4. The method for querying the mass small files by using the suffix array index as claimed in claim 2, wherein the storing step further comprises merging the files in a binary form and establishing the suffix array index for each file when the size of the file in the merging queue reaches a threshold b, and then uploading the merged files; and emptying and recycling the files in the merging queue after uploading is finished.

5. The method for querying mass small files indexed by suffix array as claimed in claim 1, wherein the query types in the querying step include precise query and fuzzy query.

6. The method for querying the mass small files by using suffix array index as claimed in claim 1, wherein the search designation field in the querying step is specifically: and inquiring the metadata and the suffix array to find the offset of the matching item in the metadata of the suffix array index record, and finding the corresponding file ID in the FileInfo according to the offset.

7. The method for querying mass small files by using suffix array index as claimed in claim 6, further comprising:

updating the small file:

acquiring a small file to be updated;

uploading the updated small files;

8. The method for querying mass small files by using suffix array index as claimed in claim 7, wherein the specific calculation process for effectively utilizing space in the updating step is as follows: and inquiring suffix array index records of the small files with the deletion identifiers of 0 to obtain the merged files where the small files are located, calculating the effective utilization space of each merged file in the distributed file system, judging whether the effective utilization space reaches a threshold value, and if the effective utilization space does not reach the threshold value, marking as the merged file with the effective utilization space smaller than the threshold value.
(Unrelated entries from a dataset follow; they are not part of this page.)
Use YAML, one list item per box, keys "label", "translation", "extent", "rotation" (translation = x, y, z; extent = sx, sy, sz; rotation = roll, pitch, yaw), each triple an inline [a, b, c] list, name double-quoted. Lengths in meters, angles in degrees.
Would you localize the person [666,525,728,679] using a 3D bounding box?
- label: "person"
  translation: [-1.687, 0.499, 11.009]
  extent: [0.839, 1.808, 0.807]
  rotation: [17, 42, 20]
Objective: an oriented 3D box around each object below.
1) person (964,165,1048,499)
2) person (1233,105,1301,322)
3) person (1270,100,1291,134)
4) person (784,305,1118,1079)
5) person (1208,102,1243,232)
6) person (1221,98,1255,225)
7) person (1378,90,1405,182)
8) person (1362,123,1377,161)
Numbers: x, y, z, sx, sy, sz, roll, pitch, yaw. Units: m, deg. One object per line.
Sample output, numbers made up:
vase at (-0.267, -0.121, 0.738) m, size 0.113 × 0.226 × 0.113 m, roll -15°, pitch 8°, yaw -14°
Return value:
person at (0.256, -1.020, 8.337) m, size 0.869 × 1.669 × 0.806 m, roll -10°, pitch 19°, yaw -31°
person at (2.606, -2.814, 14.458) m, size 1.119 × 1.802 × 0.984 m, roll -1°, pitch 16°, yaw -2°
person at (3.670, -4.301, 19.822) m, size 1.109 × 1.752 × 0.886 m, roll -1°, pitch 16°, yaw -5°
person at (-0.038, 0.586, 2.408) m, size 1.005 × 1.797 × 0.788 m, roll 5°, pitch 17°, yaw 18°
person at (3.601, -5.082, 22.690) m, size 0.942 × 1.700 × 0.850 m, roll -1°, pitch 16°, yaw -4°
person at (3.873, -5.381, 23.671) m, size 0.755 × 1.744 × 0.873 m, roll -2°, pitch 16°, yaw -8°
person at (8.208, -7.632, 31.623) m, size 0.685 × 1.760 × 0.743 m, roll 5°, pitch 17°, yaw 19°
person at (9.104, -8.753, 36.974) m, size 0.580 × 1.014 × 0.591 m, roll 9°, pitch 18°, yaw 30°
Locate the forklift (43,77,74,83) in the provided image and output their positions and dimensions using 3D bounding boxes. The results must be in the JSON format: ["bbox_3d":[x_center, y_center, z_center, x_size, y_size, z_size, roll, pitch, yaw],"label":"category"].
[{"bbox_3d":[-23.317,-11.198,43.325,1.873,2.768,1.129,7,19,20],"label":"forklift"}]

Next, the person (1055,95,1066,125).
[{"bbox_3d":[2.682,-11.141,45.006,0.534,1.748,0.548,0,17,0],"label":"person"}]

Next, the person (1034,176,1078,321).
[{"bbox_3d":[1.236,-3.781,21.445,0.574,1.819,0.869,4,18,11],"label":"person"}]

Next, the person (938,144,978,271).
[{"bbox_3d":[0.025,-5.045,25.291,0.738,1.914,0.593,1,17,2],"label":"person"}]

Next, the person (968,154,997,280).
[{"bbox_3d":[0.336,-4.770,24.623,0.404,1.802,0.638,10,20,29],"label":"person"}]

9. A massive small file query system adopting suffix array index is characterized by comprising:

the file acquisition module is used for acquiring massive files to be uploaded, and the file type can support files in any format;

the merging module is used for merging the small files;

the index module is used for creating suffix array indexes for each file;

the query module is used for providing a plurality of query types for querying the mass small files;

the query file acquisition module is used for acquiring the queried small files from the distributed file system according to the suffix array index records;

the file updating module is used for updating the small files;

10. The mass small file query system with suffix array index as claimed in claim 9, wherein the query types provided by the query module include precision query and fuzzy query.